### DATASET CONTENT:
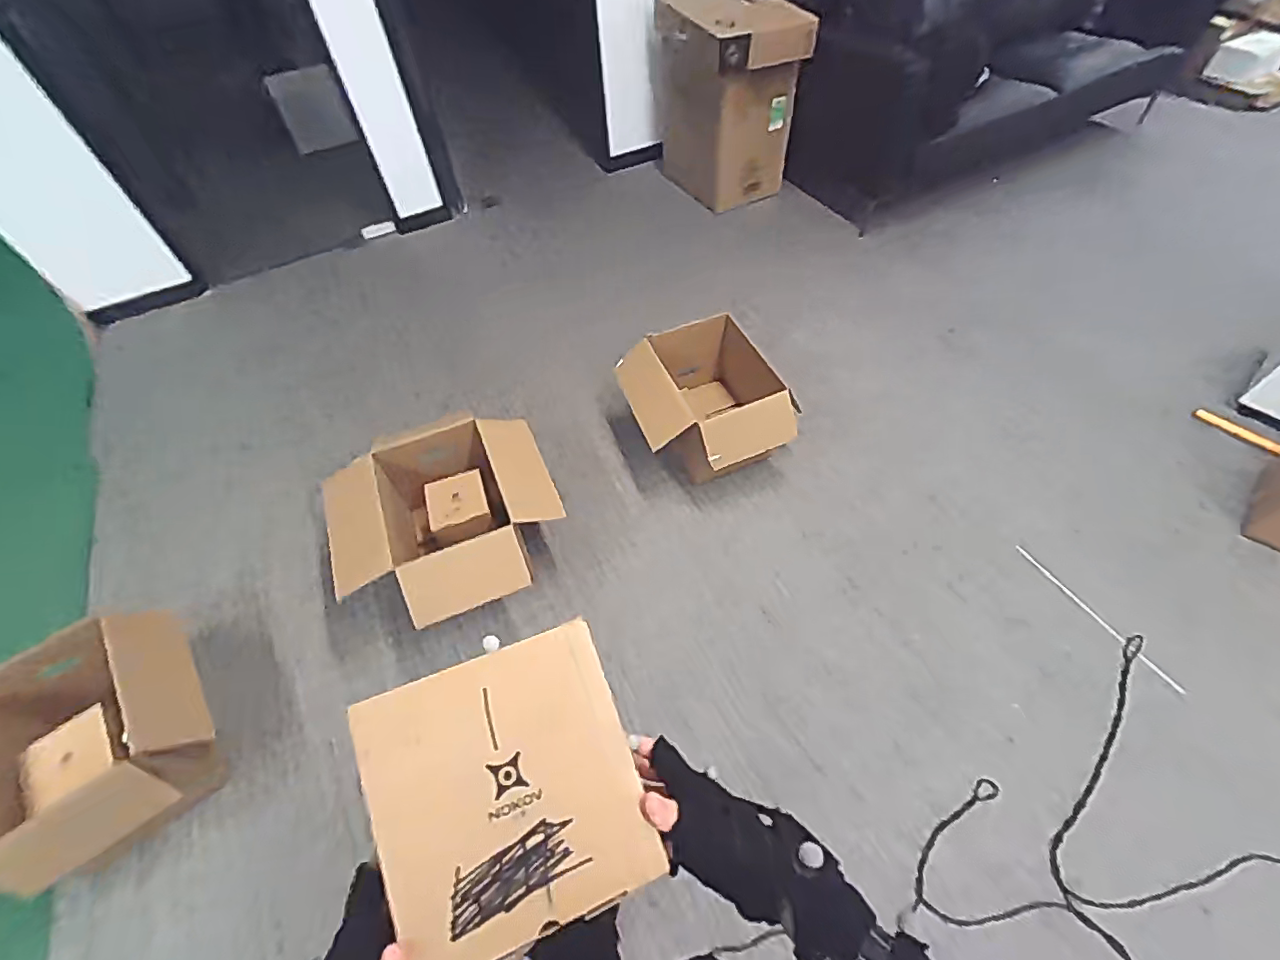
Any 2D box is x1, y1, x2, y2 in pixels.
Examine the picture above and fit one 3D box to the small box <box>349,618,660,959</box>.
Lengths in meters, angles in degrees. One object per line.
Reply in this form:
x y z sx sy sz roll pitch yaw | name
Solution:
-0.101 0.223 0.429 0.168 0.176 0.179 -17 76 -15 | small box
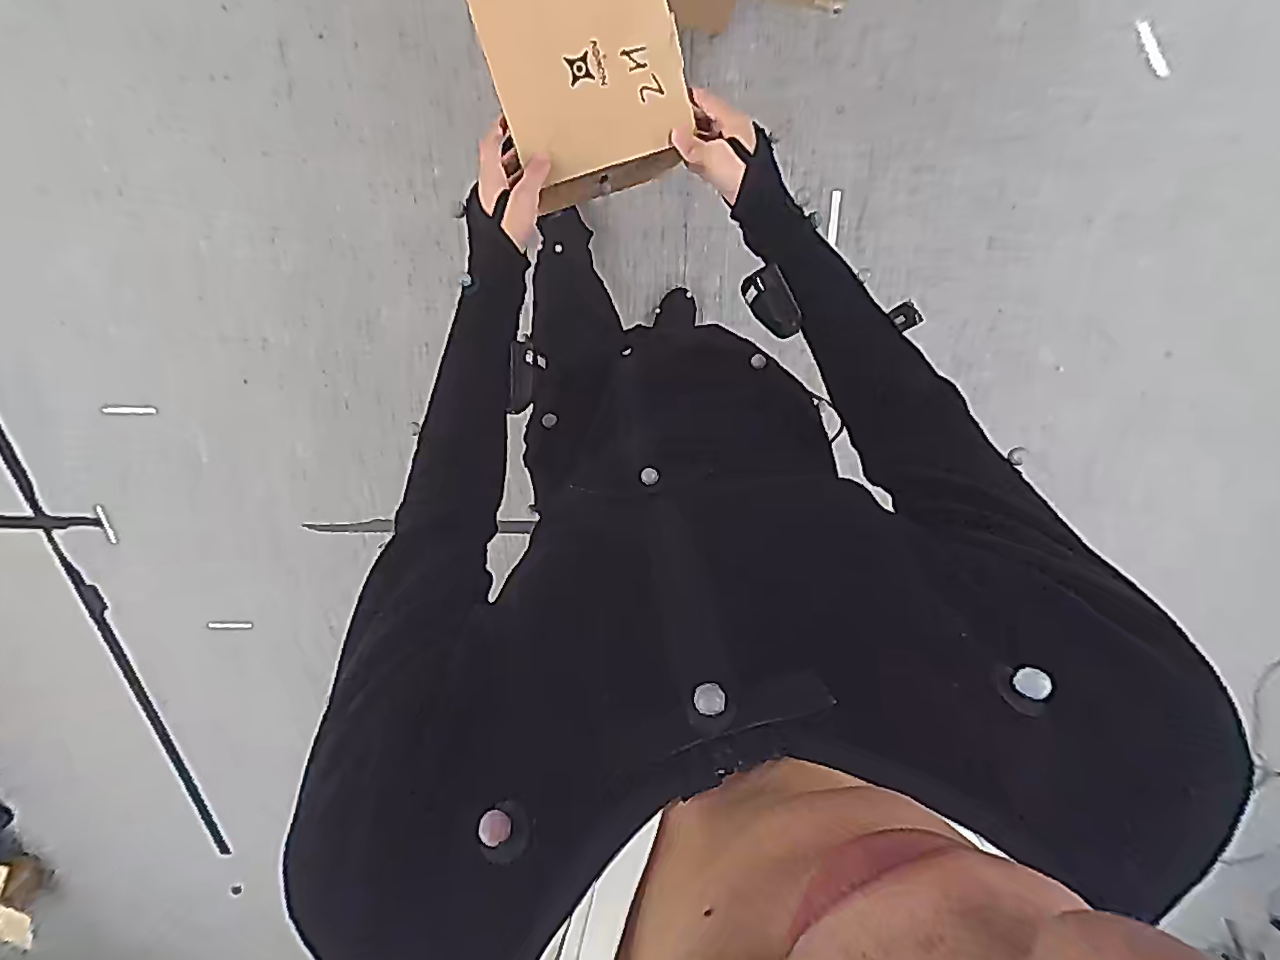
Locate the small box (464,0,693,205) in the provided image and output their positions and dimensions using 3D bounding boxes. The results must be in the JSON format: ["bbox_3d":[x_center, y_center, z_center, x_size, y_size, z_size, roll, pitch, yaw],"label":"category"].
[{"bbox_3d":[-0.060,-0.407,0.568,0.179,0.176,0.168,-18,111,-2],"label":"small box"}]
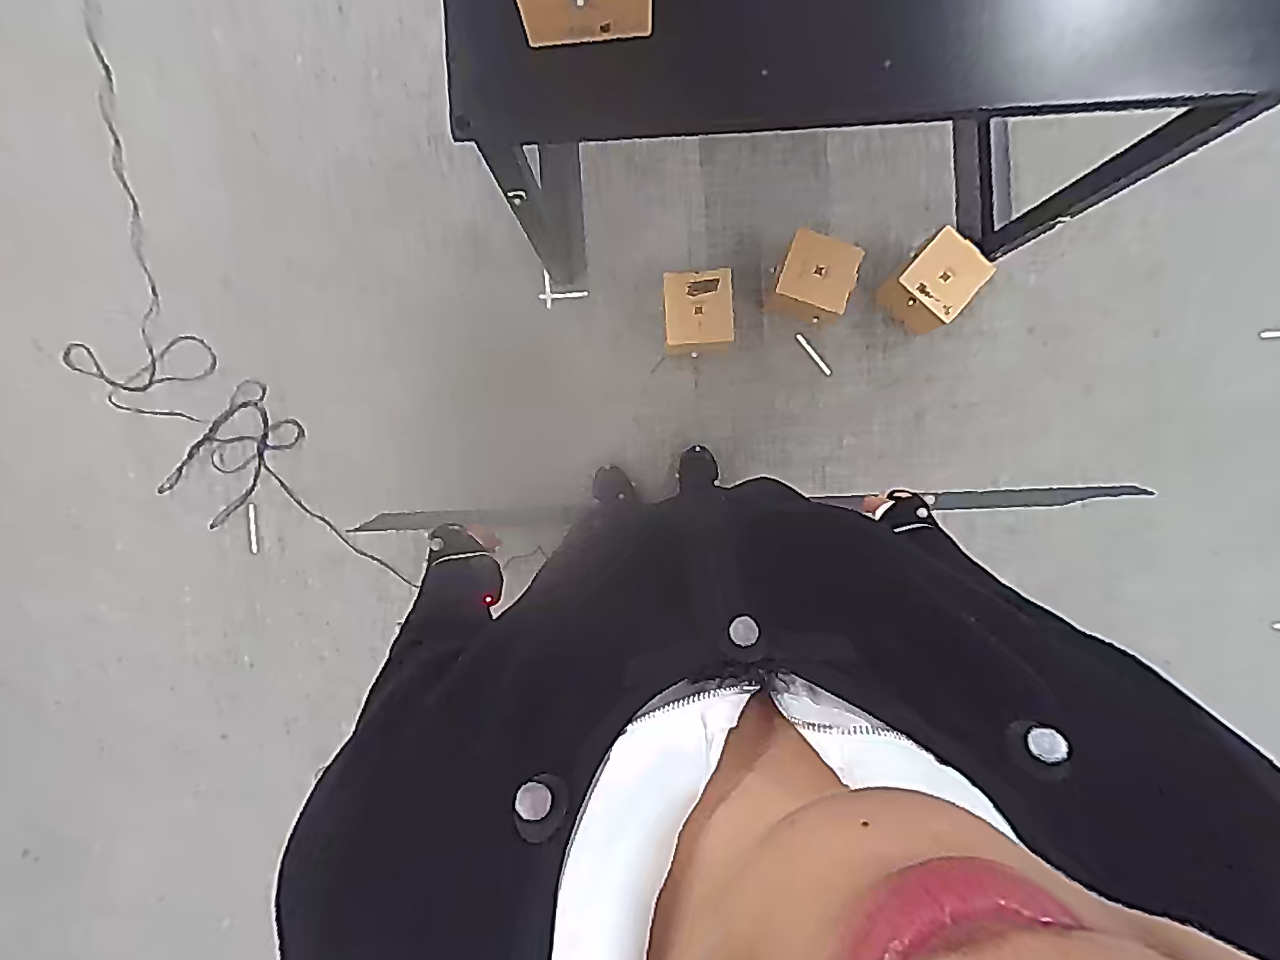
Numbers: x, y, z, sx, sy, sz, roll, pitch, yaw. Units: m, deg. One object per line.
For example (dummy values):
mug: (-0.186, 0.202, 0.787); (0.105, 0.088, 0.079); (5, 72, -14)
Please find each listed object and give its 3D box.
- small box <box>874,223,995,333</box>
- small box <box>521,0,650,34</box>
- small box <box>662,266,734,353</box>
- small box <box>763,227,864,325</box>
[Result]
small box: (0.737, -0.503, 1.376); (0.168, 0.176, 0.179); (41, 93, -1)
small box: (-0.075, -0.678, 0.646); (0.168, 0.176, 0.179); (-5, 93, 0)
small box: (0.144, -0.432, 1.390); (0.168, 0.176, 0.179); (-4, 95, 1)
small box: (0.434, -0.512, 1.383); (0.179, 0.176, 0.168); (18, 93, 1)
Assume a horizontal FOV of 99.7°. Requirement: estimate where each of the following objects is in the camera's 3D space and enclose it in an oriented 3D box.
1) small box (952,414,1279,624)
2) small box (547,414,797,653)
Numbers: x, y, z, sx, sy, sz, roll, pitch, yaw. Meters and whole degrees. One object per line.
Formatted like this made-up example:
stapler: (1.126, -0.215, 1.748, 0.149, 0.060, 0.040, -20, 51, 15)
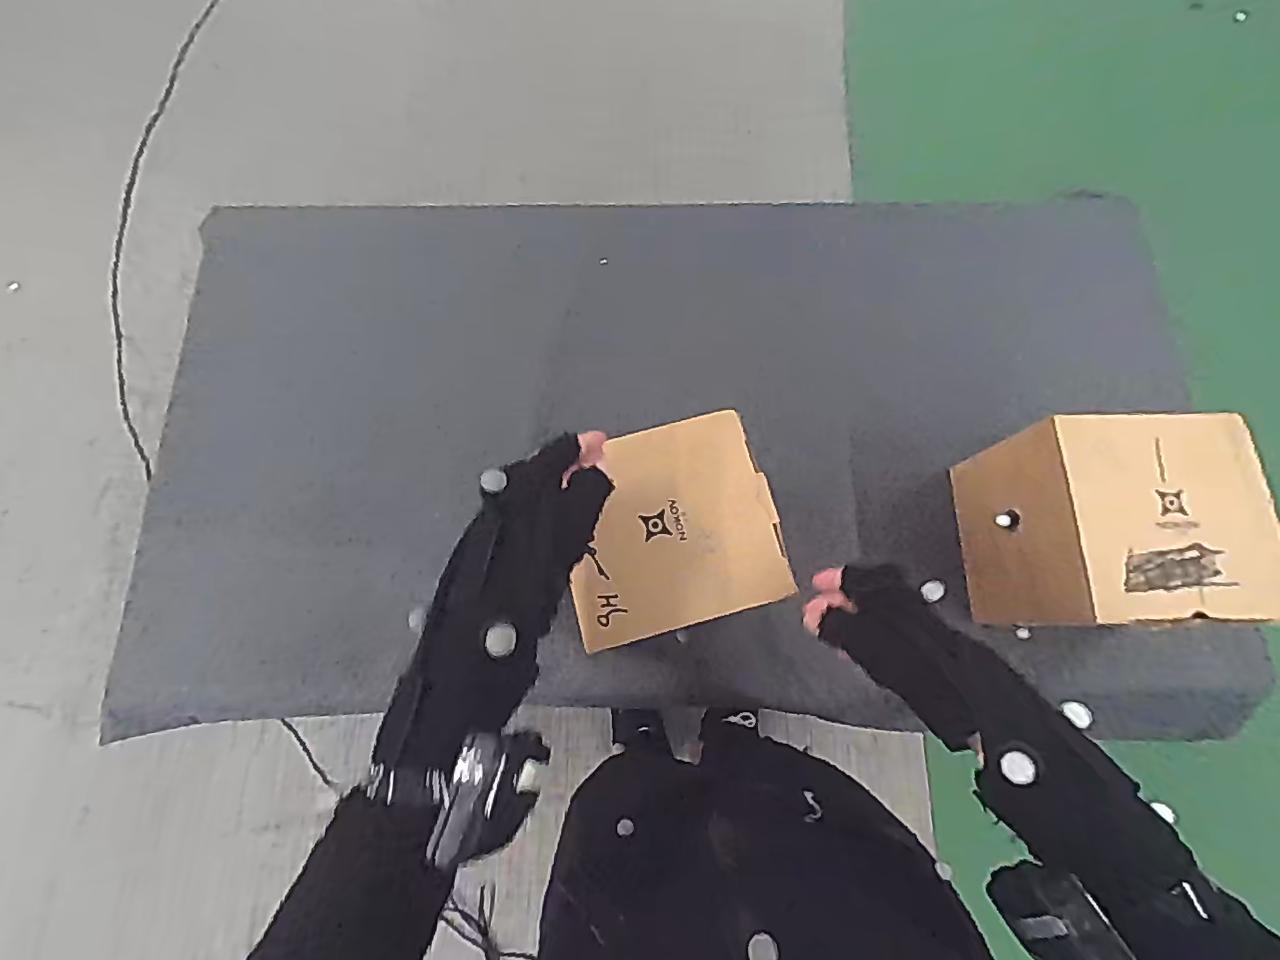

### PROBLEM STATEMENT:
Lines in the records above that carry the word "degrees" are to be located and copied.

### TASK OUTPUT:
Lengths in meters, angles in degrees. One object per line.
Numbers: x, y, z, sx, sy, sz, roll, pitch, yaw. Meters and whole degrees. One object per line.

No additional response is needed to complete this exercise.